10 classic '70s punk concert videos to watch right now

Cities have begun to reopen and some people are finding socially-distant ways to put on concerts, but the world of live entertainment as we know it is still far from back to normal. Since there’s nothing to do, nowhere to go-oh, watch these concert videos we love of 10 pioneering ’70s punk bands in their early (or only) years:

Ramones in Germany – 9/13/1978

I’m too young to have ever seen the Ramones, but I know from all the live footage that they were a beastly, impossibly cool, well-oiled machine who only stopped their fast-paced songs to give Joey enough time to yell the next song title and Dee Dee to yell “1-2-3-4!” The influence of the Ramones’ live show is still felt on bands today, and I’m sure I’m far from the only person who’s grateful we have videos to see for ourselves what the Ramones looked like in their prime. This is one of those videos. [Andrew Sacher]

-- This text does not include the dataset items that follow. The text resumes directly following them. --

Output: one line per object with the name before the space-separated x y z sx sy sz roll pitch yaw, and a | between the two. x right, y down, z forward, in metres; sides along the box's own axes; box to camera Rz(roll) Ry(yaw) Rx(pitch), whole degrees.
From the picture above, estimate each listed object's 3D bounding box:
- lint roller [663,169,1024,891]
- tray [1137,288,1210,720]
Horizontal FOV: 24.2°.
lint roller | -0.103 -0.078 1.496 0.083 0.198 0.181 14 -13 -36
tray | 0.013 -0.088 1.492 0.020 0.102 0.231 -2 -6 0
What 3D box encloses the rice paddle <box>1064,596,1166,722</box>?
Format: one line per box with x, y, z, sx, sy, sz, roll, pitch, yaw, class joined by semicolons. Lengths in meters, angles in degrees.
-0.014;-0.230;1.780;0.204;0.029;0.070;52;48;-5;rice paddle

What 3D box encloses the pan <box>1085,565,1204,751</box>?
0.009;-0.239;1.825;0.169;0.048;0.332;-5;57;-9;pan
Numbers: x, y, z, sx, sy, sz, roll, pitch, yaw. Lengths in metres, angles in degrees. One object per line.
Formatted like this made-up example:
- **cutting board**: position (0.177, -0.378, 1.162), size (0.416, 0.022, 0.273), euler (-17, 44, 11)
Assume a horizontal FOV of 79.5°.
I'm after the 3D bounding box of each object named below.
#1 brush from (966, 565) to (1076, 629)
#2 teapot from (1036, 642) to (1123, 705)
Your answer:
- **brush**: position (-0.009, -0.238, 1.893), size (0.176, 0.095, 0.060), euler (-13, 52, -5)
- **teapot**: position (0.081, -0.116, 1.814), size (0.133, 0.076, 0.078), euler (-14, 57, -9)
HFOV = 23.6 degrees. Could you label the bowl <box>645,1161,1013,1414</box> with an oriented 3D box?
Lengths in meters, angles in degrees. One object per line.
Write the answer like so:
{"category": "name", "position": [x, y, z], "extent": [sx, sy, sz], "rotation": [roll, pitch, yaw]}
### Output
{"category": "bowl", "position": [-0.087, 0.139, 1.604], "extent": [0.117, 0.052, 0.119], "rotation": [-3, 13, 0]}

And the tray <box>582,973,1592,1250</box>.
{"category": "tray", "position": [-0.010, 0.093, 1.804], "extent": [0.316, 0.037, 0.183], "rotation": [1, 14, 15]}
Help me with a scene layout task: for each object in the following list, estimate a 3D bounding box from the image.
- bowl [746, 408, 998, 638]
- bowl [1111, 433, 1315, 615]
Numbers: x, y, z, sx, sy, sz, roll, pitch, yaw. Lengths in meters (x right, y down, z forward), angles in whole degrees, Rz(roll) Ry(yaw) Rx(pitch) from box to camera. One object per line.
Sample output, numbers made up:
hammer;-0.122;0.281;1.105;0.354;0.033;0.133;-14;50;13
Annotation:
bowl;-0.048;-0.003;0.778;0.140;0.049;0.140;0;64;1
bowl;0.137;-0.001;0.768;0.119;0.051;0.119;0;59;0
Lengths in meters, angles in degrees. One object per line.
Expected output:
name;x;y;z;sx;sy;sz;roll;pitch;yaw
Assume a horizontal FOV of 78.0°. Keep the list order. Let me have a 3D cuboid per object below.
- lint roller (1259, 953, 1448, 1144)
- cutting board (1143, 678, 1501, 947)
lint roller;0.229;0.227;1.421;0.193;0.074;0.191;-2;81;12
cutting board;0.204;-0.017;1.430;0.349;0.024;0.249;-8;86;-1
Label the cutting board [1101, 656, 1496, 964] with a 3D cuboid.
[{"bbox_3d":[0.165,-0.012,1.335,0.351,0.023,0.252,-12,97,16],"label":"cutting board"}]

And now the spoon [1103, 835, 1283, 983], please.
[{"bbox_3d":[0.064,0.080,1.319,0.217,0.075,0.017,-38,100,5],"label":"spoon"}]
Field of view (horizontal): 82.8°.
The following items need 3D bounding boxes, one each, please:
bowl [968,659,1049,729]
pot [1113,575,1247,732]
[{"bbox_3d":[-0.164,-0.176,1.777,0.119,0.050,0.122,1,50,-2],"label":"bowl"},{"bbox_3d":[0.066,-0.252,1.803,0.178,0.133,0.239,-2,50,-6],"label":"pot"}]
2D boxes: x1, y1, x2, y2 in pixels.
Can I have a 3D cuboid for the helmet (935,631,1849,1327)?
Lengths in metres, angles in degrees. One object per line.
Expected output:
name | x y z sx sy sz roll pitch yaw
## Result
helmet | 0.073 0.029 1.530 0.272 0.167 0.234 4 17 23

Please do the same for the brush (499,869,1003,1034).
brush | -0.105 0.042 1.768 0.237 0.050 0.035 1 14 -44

https://youtu.be/-WgdD3F73CY

Blondie @ Convention Hall, Asbury Park 7/7/1979

Eat to the Beat was still a few months away, but Blondie ready to show some of it to the world at this Asbury Park show. They opened with “Dreaming,” and then proceeded to roll through hits like “One Way Or Another,” “Heart of Glass,” “Hanging on the Telephone,” and more. Debbie Harry, Clem Burke and the rest of the band are in peak form, even if the videotape this show was transferred from warbles a bit. [Bill Pearis]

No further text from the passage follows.